Aim of the exercise - In full and exactly, please return the records, but keep out the pictures.

╭─ Study material

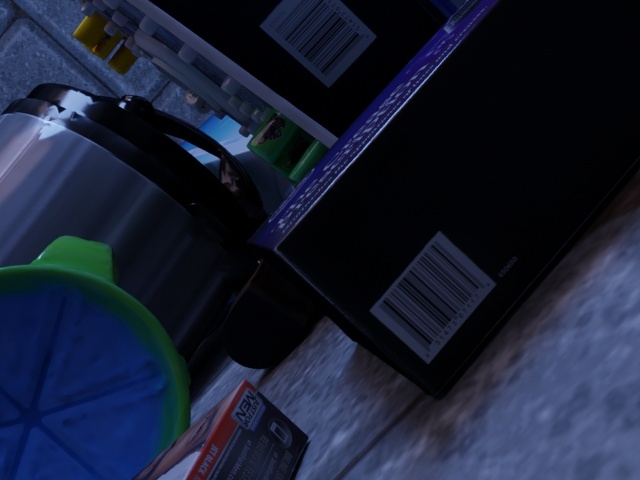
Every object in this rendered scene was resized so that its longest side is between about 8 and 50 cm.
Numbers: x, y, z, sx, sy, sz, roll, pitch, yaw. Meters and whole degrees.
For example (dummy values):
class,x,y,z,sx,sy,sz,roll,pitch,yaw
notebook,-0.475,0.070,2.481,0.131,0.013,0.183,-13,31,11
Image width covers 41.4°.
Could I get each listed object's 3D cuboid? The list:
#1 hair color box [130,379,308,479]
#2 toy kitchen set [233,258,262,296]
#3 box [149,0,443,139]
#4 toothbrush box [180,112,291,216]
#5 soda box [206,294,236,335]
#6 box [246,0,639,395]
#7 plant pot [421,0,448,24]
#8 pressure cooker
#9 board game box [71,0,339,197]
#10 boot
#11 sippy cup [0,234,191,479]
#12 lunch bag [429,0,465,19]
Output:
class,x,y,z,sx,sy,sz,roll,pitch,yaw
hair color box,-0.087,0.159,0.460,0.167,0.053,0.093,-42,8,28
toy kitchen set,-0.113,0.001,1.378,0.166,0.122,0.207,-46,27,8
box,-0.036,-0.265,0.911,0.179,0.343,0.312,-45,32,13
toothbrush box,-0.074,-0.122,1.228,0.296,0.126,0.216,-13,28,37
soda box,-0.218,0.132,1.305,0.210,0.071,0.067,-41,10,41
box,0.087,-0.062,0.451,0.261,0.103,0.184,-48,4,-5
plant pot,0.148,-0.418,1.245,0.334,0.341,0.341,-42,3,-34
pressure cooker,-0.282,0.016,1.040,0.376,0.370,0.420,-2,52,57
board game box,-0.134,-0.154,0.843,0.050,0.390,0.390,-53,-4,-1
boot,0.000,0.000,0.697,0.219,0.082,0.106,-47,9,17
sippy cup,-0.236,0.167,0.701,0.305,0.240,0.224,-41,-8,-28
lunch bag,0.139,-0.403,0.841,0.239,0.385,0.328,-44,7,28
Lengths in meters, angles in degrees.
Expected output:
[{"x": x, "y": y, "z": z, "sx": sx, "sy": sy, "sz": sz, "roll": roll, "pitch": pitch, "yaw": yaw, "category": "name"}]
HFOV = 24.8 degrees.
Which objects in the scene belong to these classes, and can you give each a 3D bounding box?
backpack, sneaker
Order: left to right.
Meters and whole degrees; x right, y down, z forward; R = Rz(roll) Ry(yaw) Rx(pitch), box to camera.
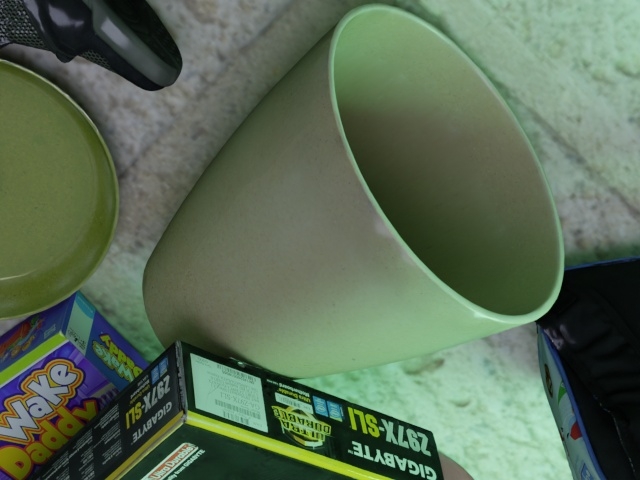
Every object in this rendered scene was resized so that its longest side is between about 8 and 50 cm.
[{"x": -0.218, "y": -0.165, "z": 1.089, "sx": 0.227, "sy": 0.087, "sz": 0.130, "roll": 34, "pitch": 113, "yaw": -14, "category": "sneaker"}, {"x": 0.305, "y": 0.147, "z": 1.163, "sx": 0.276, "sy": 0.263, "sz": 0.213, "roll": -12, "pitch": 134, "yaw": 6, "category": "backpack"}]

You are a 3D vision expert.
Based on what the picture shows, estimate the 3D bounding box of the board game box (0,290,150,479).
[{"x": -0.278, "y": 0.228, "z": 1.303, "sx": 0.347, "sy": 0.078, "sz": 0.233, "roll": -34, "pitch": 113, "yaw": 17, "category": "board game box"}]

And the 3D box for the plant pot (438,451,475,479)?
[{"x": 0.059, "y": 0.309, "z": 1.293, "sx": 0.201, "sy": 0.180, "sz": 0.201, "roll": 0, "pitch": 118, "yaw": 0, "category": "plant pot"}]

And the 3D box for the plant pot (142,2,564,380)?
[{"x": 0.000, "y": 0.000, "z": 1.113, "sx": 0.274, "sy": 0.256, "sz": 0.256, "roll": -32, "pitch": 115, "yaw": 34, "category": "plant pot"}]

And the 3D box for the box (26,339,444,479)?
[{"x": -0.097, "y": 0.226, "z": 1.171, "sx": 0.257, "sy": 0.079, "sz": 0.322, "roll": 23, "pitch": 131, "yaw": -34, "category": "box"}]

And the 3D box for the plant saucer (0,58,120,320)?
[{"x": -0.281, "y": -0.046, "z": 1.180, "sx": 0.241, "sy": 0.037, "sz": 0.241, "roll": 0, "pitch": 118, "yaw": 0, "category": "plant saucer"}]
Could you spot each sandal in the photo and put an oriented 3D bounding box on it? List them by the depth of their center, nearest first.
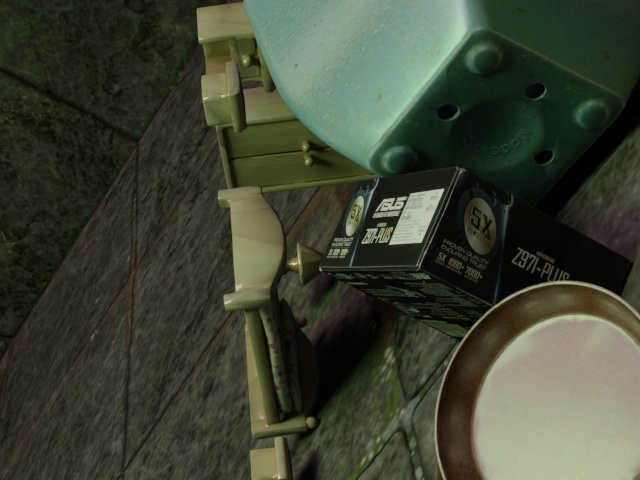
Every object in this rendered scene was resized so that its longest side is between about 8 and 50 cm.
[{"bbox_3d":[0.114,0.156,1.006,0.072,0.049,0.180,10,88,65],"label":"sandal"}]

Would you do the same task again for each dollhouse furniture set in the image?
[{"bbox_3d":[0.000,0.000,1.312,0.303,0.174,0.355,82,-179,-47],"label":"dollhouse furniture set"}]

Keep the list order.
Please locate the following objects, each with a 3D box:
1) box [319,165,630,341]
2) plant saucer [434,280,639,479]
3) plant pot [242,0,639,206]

╰─

Answer space -
Every object in this rendered scene was resized so that its longest side is between about 8 and 50 cm.
Numbers: x, y, z, sx, sy, sz, roll, pitch, yaw. Meters and whole degrees.
For example (dummy values):
class,x,y,z,sx,sy,sz,roll,pitch,yaw
notebook,-0.475,0.070,2.481,0.131,0.013,0.183,-13,31,11
Image width covers 41.4°.
Could I get each listed object's 3D cuboid? The list:
#1 hair color box [130,379,308,479]
#2 toy kitchen set [233,258,262,296]
#3 box [149,0,443,139]
#4 toothbrush box [180,112,291,216]
#5 soda box [206,294,236,335]
#6 box [246,0,639,395]
#7 plant pot [421,0,448,24]
#8 pressure cooker
#9 board game box [71,0,339,197]
#10 boot
#11 sippy cup [0,234,191,479]
#12 lunch bag [429,0,465,19]
Output:
class,x,y,z,sx,sy,sz,roll,pitch,yaw
hair color box,-0.087,0.159,0.460,0.167,0.053,0.093,-42,8,28
toy kitchen set,-0.113,0.001,1.378,0.166,0.122,0.207,-46,27,8
box,-0.036,-0.265,0.911,0.179,0.343,0.312,-45,32,13
toothbrush box,-0.074,-0.122,1.228,0.296,0.126,0.216,-13,28,37
soda box,-0.218,0.132,1.305,0.210,0.071,0.067,-41,10,41
box,0.087,-0.062,0.451,0.261,0.103,0.184,-48,4,-5
plant pot,0.148,-0.418,1.245,0.334,0.341,0.341,-42,3,-34
pressure cooker,-0.282,0.016,1.040,0.376,0.370,0.420,-2,52,57
board game box,-0.134,-0.154,0.843,0.050,0.390,0.390,-53,-4,-1
boot,0.000,0.000,0.697,0.219,0.082,0.106,-47,9,17
sippy cup,-0.236,0.167,0.701,0.305,0.240,0.224,-41,-8,-28
lunch bag,0.139,-0.403,0.841,0.239,0.385,0.328,-44,7,28
Lengths in meters, angles in degrees.
Expected output:
[{"x": x, "y": y, "z": z, "sx": sx, "sy": sy, "sz": sz, "roll": roll, "pitch": pitch, "yaw": yaw, "category": "name"}]
HFOV = 24.8 degrees.
Which objects in the scene belong to these classes, and can you give each a 3D bounding box?
backpack, sneaker
Order: left to right.
Meters and whole degrees; x right, y down, z forward; R = Rz(roll) Ry(yaw) Rx(pitch), box to camera.
Every object in this rendered scene was resized so that its longest side is between about 8 and 50 cm.
[{"x": -0.218, "y": -0.165, "z": 1.089, "sx": 0.227, "sy": 0.087, "sz": 0.130, "roll": 34, "pitch": 113, "yaw": -14, "category": "sneaker"}, {"x": 0.305, "y": 0.147, "z": 1.163, "sx": 0.276, "sy": 0.263, "sz": 0.213, "roll": -12, "pitch": 134, "yaw": 6, "category": "backpack"}]

You are a 3D vision expert.
Based on what the picture shows, estimate the 3D bounding box of the board game box (0,290,150,479).
[{"x": -0.278, "y": 0.228, "z": 1.303, "sx": 0.347, "sy": 0.078, "sz": 0.233, "roll": -34, "pitch": 113, "yaw": 17, "category": "board game box"}]

And the 3D box for the plant pot (438,451,475,479)?
[{"x": 0.059, "y": 0.309, "z": 1.293, "sx": 0.201, "sy": 0.180, "sz": 0.201, "roll": 0, "pitch": 118, "yaw": 0, "category": "plant pot"}]

And the 3D box for the plant pot (142,2,564,380)?
[{"x": 0.000, "y": 0.000, "z": 1.113, "sx": 0.274, "sy": 0.256, "sz": 0.256, "roll": -32, "pitch": 115, "yaw": 34, "category": "plant pot"}]

And the 3D box for the box (26,339,444,479)?
[{"x": -0.097, "y": 0.226, "z": 1.171, "sx": 0.257, "sy": 0.079, "sz": 0.322, "roll": 23, "pitch": 131, "yaw": -34, "category": "box"}]

And the 3D box for the plant saucer (0,58,120,320)?
[{"x": -0.281, "y": -0.046, "z": 1.180, "sx": 0.241, "sy": 0.037, "sz": 0.241, "roll": 0, "pitch": 118, "yaw": 0, "category": "plant saucer"}]
Could you spot each sandal in the photo and put an oriented 3D bounding box on it? List them by the depth of their center, nearest first.
Every object in this rendered scene was resized so that its longest side is between about 8 and 50 cm.
[{"bbox_3d":[0.114,0.156,1.006,0.072,0.049,0.180,10,88,65],"label":"sandal"}]

Would you do the same task again for each dollhouse furniture set in the image?
[{"bbox_3d":[0.000,0.000,1.312,0.303,0.174,0.355,82,-179,-47],"label":"dollhouse furniture set"}]

Keep the list order.
Please locate the following objects, each with a 3D box:
1) box [319,165,630,341]
2) plant saucer [434,280,639,479]
3) plant pot [242,0,639,206]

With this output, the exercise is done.